Task requirements: Look through the listing below and report the lines that have the word "element" in them.

Given data:
....................

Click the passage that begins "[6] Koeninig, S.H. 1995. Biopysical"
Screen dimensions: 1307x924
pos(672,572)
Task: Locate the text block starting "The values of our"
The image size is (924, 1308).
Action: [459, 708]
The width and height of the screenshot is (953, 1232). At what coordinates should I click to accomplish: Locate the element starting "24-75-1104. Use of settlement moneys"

....................

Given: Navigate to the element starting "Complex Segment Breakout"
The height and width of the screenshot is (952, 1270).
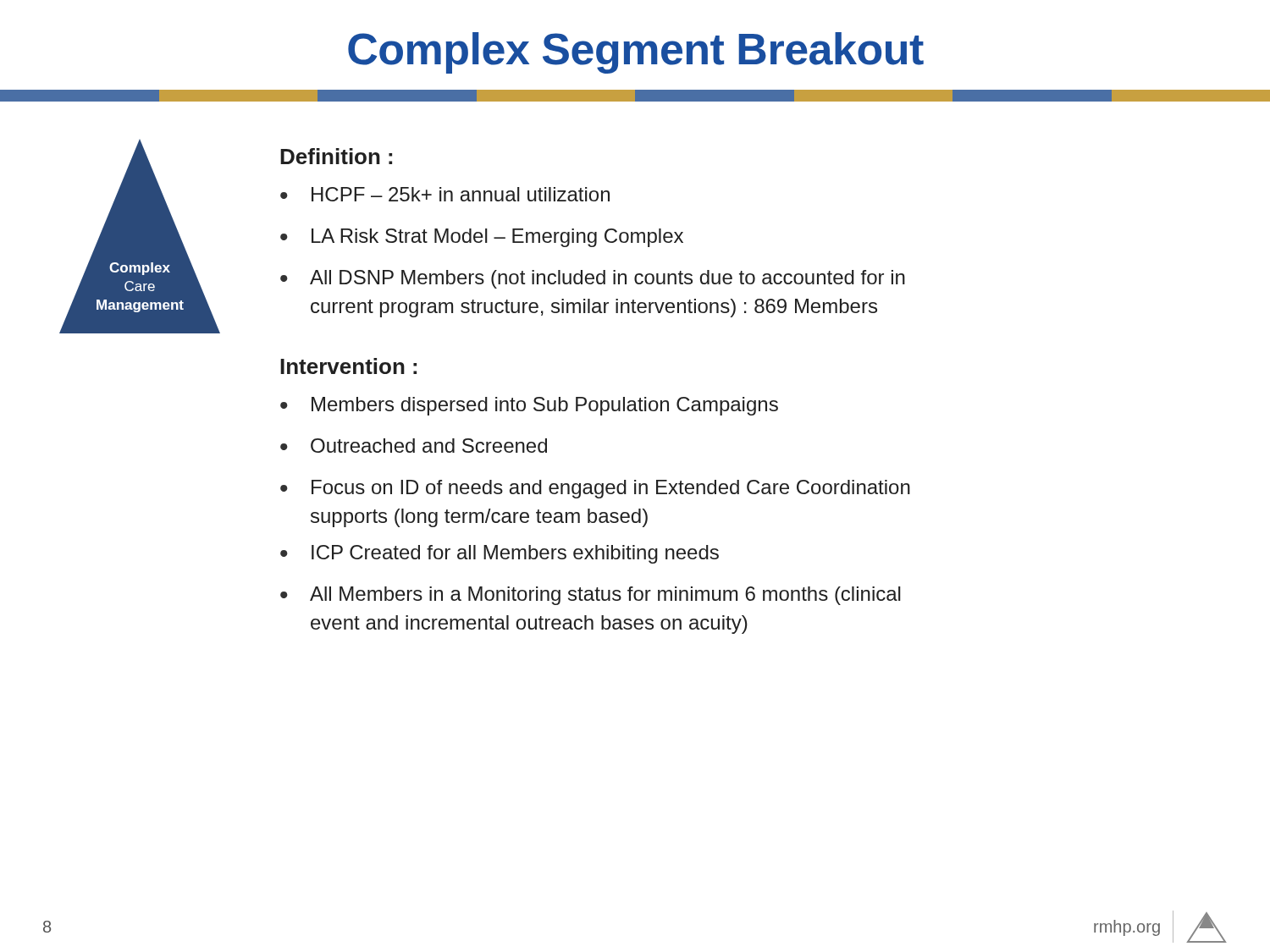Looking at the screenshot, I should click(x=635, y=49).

....................

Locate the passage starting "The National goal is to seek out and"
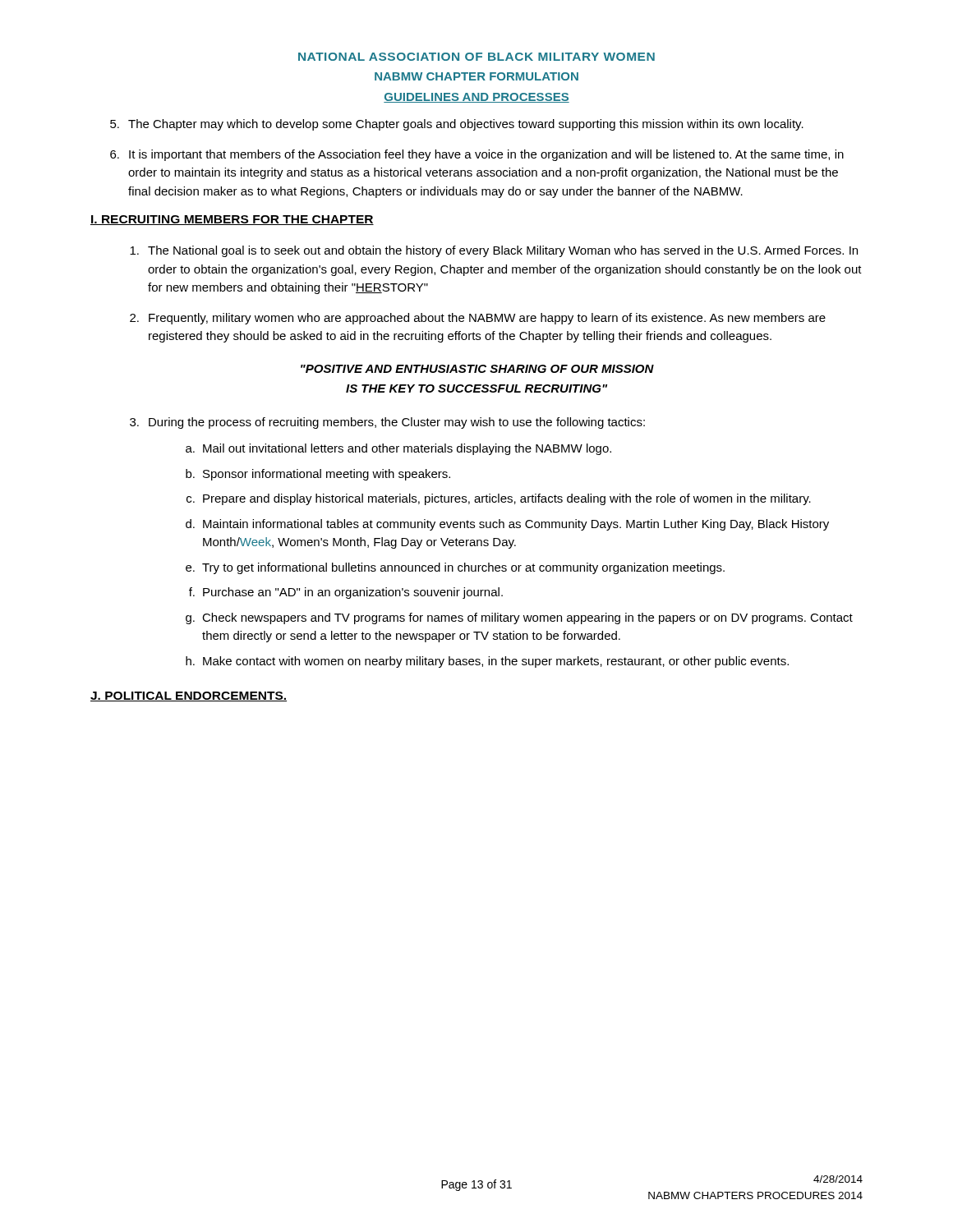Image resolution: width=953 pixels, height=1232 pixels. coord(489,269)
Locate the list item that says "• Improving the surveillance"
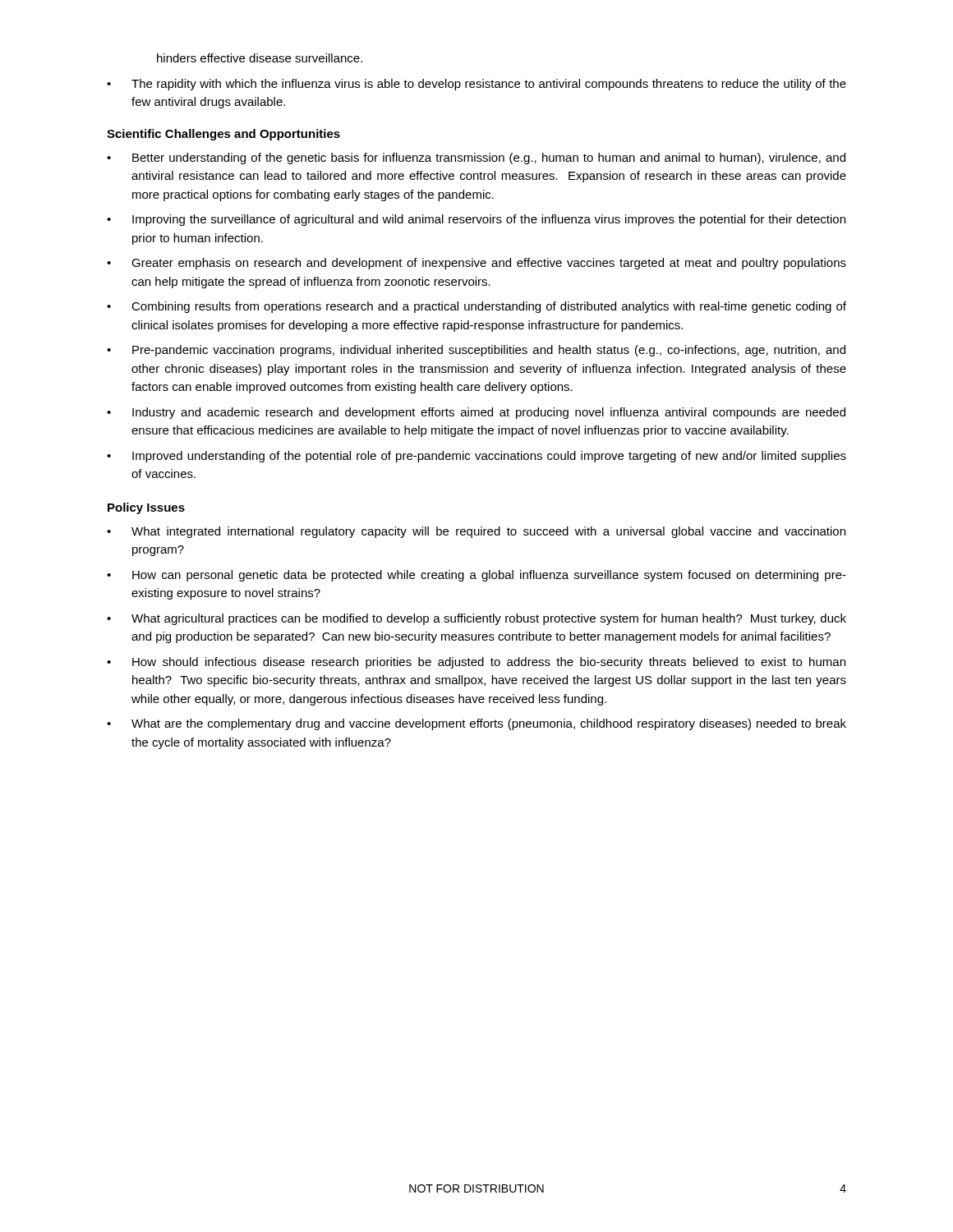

....................

Finished exercise:
The width and height of the screenshot is (953, 1232). At what coordinates should I click to accomplish: Locate the element starting "24-75-1104. Use of settlement moneys"
Given: Navigate to the element starting "Complex Segment Breakout"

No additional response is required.